→ **STORED DATA**:

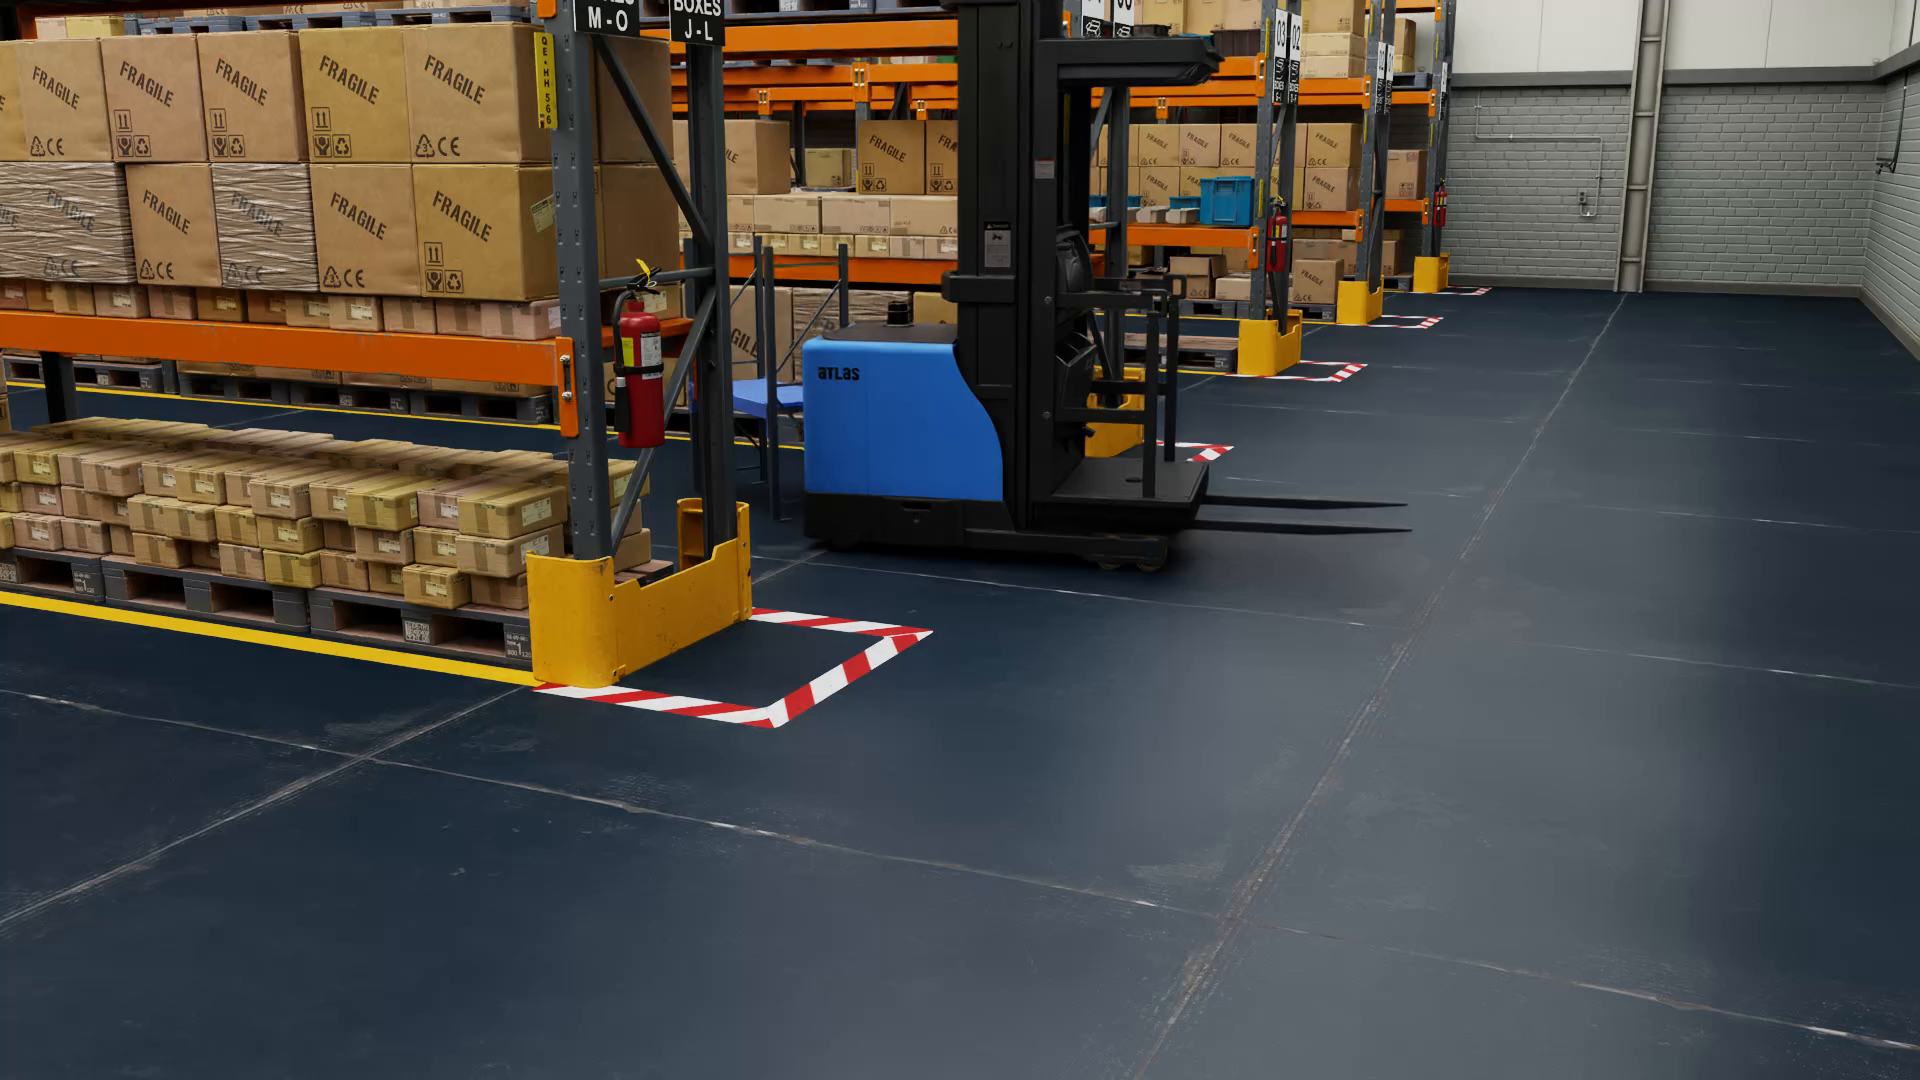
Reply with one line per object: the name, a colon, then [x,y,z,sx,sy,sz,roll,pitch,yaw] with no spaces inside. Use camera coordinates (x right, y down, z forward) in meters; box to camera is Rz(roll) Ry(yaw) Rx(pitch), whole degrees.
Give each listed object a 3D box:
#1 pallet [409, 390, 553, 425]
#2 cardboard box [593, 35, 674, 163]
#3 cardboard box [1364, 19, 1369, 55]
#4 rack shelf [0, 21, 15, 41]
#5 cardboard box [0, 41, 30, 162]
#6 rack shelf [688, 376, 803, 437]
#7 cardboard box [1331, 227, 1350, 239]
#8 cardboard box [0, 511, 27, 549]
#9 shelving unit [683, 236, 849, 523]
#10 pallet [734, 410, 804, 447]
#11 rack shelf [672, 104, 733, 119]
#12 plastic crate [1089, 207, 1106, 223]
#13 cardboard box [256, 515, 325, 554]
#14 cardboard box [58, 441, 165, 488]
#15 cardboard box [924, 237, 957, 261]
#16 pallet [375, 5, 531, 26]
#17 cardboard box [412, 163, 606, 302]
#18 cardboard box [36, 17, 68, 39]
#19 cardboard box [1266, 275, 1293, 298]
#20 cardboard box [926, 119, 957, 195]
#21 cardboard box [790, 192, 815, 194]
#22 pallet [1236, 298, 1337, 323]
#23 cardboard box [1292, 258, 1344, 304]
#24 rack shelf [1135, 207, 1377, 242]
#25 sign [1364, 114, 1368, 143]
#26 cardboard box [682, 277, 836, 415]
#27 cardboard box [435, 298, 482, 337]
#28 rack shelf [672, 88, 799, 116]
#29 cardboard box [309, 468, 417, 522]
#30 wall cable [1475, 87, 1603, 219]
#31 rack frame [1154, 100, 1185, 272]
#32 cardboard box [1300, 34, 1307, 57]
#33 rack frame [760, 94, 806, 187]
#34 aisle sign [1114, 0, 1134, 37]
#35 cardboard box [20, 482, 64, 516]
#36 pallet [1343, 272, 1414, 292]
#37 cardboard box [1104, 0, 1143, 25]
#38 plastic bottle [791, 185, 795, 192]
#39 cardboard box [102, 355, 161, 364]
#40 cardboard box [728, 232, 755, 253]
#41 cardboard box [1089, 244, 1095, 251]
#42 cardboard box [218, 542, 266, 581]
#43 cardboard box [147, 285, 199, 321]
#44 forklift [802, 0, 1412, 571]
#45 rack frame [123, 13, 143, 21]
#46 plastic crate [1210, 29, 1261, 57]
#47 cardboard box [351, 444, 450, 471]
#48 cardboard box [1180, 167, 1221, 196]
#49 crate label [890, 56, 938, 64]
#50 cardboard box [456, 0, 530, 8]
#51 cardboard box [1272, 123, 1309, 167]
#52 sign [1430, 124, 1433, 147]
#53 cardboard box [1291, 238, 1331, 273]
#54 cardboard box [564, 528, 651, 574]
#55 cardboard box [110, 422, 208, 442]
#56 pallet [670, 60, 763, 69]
pallet: [-3.512,-1.114,13.040,1.213,0.211,1.003,6,14,23]
cardboard box: [-1.523,-1.796,6.786,0.500,0.500,0.500,6,14,23]
cardboard box: [5.668,-7.214,23.917,0.500,0.500,0.500,6,15,25]
rack shelf: [-6.705,-2.684,8.638,4.000,0.370,1.077,6,14,23]
cardboard box: [-4.083,-1.932,7.364,0.500,0.500,0.500,5,14,22]
rack shelf: [-1.112,-0.781,9.586,0.538,0.185,1.000,-9,16,-33]
cardboard box: [5.723,-4.597,24.912,0.250,0.149,0.380,6,14,24]
cardboard box: [-4.431,-0.080,7.853,0.250,0.149,0.380,6,15,25]
shelving unit: [-1.112,-0.956,9.545,0.538,1.500,1.048,-9,16,-33]
pallet: [-0.993,-0.859,11.954,1.213,0.211,1.003,6,14,23]
rack shelf: [-5.900,-7.555,29.395,4.000,0.370,1.077,6,14,23]
plastic crate: [1.267,-3.093,15.815,0.250,0.136,0.298,6,14,23]
cardboard box: [-2.772,-0.063,7.126,0.250,0.149,0.380,6,14,24]
cardboard box: [-3.919,-0.350,7.699,0.250,0.149,0.380,5,14,22]
cardboard box: [-0.046,-1.935,10.985,0.250,0.149,0.380,6,14,23]
pallet: [-3.634,-3.858,12.481,1.217,0.209,0.805,5,14,21]
cardboard box: [-1.735,-1.200,6.435,0.500,0.500,0.500,6,15,24]
cardboard box: [-7.426,-4.209,13.889,0.500,0.250,0.500,6,14,23]
cardboard box: [4.058,-3.146,20.651,0.500,0.250,0.500,6,14,23]
cardboard box: [0.095,-2.630,11.431,0.500,0.500,0.500,5,14,22]
cardboard box: [-1.325,-2.407,12.124,0.500,0.250,0.500,6,15,24]
pallet: [4.099,-2.837,20.386,1.213,0.211,1.003,6,14,23]
cardboard box: [4.301,-3.111,19.954,0.500,0.500,0.500,6,14,23]
rack shelf: [3.069,-3.949,20.594,4.000,0.370,1.077,6,14,23]
sign: [4.654,-4.718,19.069,0.005,0.325,0.100,6,14,23]
cardboard box: [-1.382,-1.425,11.993,0.875,0.875,0.875,6,14,23]
cardboard box: [-1.844,-0.899,6.569,0.250,0.149,0.380,6,14,23]
rack shelf: [-4.245,-6.150,23.406,4.000,0.370,1.077,6,14,23]
cardboard box: [-2.512,-0.191,7.023,0.250,0.149,0.380,5,14,21]
wall cable: [8.454,-5.723,24.355,1.851,1.984,0.084,6,14,23]
rack frame: [3.243,-5.520,25.712,0.127,3.000,1.000,6,14,23]
cardboard box: [3.867,-5.786,19.513,0.500,0.250,0.500,6,14,23]
rack frame: [-2.417,-4.855,22.878,0.127,3.000,1.000,6,14,23]
aisle sign: [1.069,-3.367,10.849,0.004,0.787,0.394,6,14,23]
cardboard box: [-4.170,-0.231,7.841,0.250,0.149,0.380,6,14,23]
pallet: [6.138,-3.850,24.699,1.213,0.211,1.003,6,14,23]
cardboard box: [2.100,-6.368,20.351,0.500,0.500,0.700,6,14,23]
plastic bottle: [-1.742,-3.443,16.970,0.185,0.351,0.144,6,14,23]
cardboard box: [-7.053,-1.841,14.544,0.500,0.500,0.700,5,14,20]
cardboard box: [-1.454,-2.077,11.590,0.250,0.149,0.380,6,14,24]
cardboard box: [1.783,-4.792,26.398,0.750,0.750,0.750,6,15,25]
cardboard box: [-3.000,0.054,7.280,0.250,0.149,0.380,6,15,24]
cardboard box: [-3.263,-1.046,7.195,0.250,0.149,0.380,6,15,25]
forklift: [0.765,-1.407,8.334,3.031,2.935,1.130,3,14,12]
rack frame: [-6.433,-5.707,13.376,0.127,3.000,1.000,6,14,23]
plastic crate: [2.649,-4.571,15.388,0.590,0.269,0.497,6,14,23]
cardboard box: [-2.550,-0.329,7.608,0.250,0.149,0.380,6,15,25]
cardboard box: [2.987,-4.289,20.248,0.500,0.500,0.500,6,14,22]
crate label: [-0.439,-4.677,16.131,0.466,0.136,0.293,6,14,23]
cardboard box: [-3.310,-4.181,12.302,0.500,0.500,0.700,6,15,25]
cardboard box: [3.917,-4.680,19.727,0.500,0.500,0.500,6,15,25]
sign: [6.668,-5.717,23.498,0.005,0.325,0.100,6,14,23]
cardboard box: [5.302,-4.274,24.954,0.500,0.500,0.700,5,14,21]
cardboard box: [-1.569,0.049,7.301,0.250,0.149,0.380,6,15,24]
cardboard box: [-3.966,-0.480,8.253,0.250,0.149,0.380,6,14,23]
pallet: [-2.564,-4.975,17.239,1.213,0.211,1.003,6,14,23]

→ **WORK TO COMPLETE**:
Beginning with the line that has "Give each listed" and ending with the line that has "#25 sign [1364, 114, 1368, 143]", set down the lines above exactly and include no others.

→ **TASK OUTPUT**:
Give each listed object a 3D box:
#1 pallet [409, 390, 553, 425]
#2 cardboard box [593, 35, 674, 163]
#3 cardboard box [1364, 19, 1369, 55]
#4 rack shelf [0, 21, 15, 41]
#5 cardboard box [0, 41, 30, 162]
#6 rack shelf [688, 376, 803, 437]
#7 cardboard box [1331, 227, 1350, 239]
#8 cardboard box [0, 511, 27, 549]
#9 shelving unit [683, 236, 849, 523]
#10 pallet [734, 410, 804, 447]
#11 rack shelf [672, 104, 733, 119]
#12 plastic crate [1089, 207, 1106, 223]
#13 cardboard box [256, 515, 325, 554]
#14 cardboard box [58, 441, 165, 488]
#15 cardboard box [924, 237, 957, 261]
#16 pallet [375, 5, 531, 26]
#17 cardboard box [412, 163, 606, 302]
#18 cardboard box [36, 17, 68, 39]
#19 cardboard box [1266, 275, 1293, 298]
#20 cardboard box [926, 119, 957, 195]
#21 cardboard box [790, 192, 815, 194]
#22 pallet [1236, 298, 1337, 323]
#23 cardboard box [1292, 258, 1344, 304]
#24 rack shelf [1135, 207, 1377, 242]
#25 sign [1364, 114, 1368, 143]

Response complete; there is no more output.